The shoe was on the other foot in 2008, when an Iraqi journalist threw two shoes at then-President George W. Bush during a Baghdad press conference. At that time, ABC and CBS referred to the shoe-thrower as a “celebrity” and “folk hero” who “thrilled the Arab world.” In 2009, then-MSNBC host David Shuster actually cheered the release of the footwear assailant from prison. Tamron Hall happened to be on the show at the time and observed that people would have been “more outraged” if someone threw a shoe at President Obama.
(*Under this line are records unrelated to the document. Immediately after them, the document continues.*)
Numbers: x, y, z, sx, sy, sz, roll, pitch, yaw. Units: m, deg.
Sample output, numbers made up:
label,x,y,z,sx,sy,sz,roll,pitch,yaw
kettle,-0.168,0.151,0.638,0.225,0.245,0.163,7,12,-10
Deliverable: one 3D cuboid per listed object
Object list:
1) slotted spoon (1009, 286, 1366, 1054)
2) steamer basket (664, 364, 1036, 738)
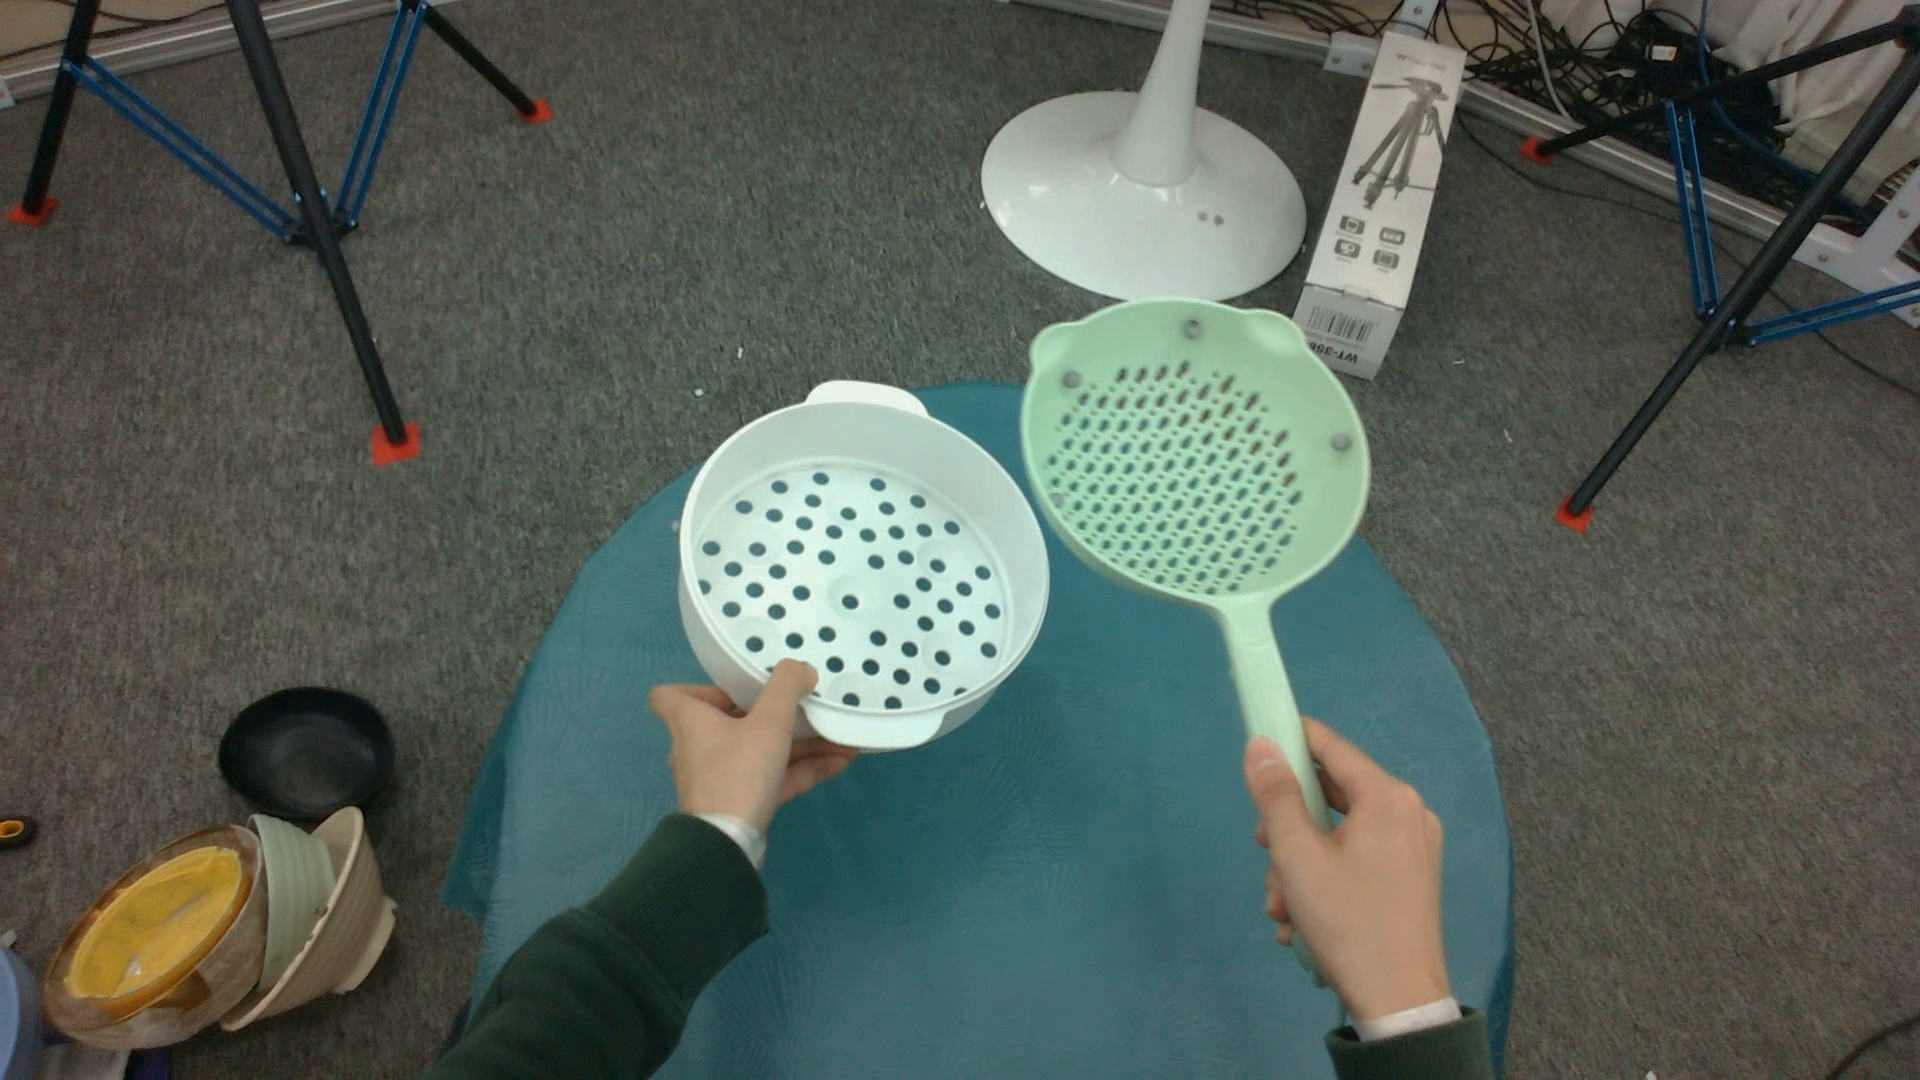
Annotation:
label,x,y,z,sx,sy,sz,roll,pitch,yaw
slotted spoon,0.123,0.039,0.621,0.169,0.075,0.360,-6,56,-12
steamer basket,-0.063,0.011,0.760,0.202,0.069,0.231,4,57,-15

Here are some reactions to the shoe throw at Hillary:

  • On CBS This Morning, co-host Charlie Rose observed that Clinton “handled that quite well” before noting that the thrower was “facing federal charges.” Fellow co-host Norah O’Donnell gushed: “You know, it was amazing to see how calm she [Hillary Clinton] was….she didn’t really react much at all and had a great retort, you know?” Rose agreed: “It was amazing.” O’Donnell concluded: “Incredible, indeed.”
  • By contrast, on Friday’s ABC Good Morning America, White House correspondent Jon Karl reported: “Hillary Clinton took that with good humor. But it was a scary moment.” Co-host George Stephanopoulos remarked: “Yeah, Hillary Clinton, quick with the quip. But that was a scary moment there for a second.”
  • On CBS This Morning, co-host Charlie Rose observed that Clinton “handled that quite well” before noting that the thrower was “facing federal charges.” Fellow co-host Norah O’Donnell gushed: “You know, it was amazing to see how calm she [Hillary Clinton] was….she didn’t really react much at all and had a great retort, you know?” Rose agreed: “It was amazing.” O’Donnell concluded: “Incredible, indeed.”

(NewsBusters)

Here is CNN covering Bush’s “Shoe Debacle,” take note of the public dislike of Bush in this report… from mentioning “disliking” him, to marveling that Bush would try and turn this into a positive:

  • “You may not like President [George W.] Bush‘s politics, but one thing you can say for sure is that the man has great reflexes,” then-CNN anchor Alina Cho told foreign correspondent Michael Ware in the wake of the December, 2008 incident in Iraq.
  • Ware marveled at the fact that Bush joked about the situation and attempted to “turn the incident to his advantage,” as opposed to dwelling ruefully on his shoe-administered repudiation.
  • “Bare in mind that, in Iraqi culture, throwing a shoe is close to the ultimate insult,” Ware noted. Unlike in the United States, where shoe-throwing is a traditional feature of weddings and christenings.
  • “This may become the press conference of the Iraq War that everyone will remember,” Ware later reported. He noted that this insult is “reserved only for the most hated.”

(Media’ite)

This blatant double-standard should be embarrassing to the legacy media. Alas, it is probably a badge of honor to them – unfortunately. Sad.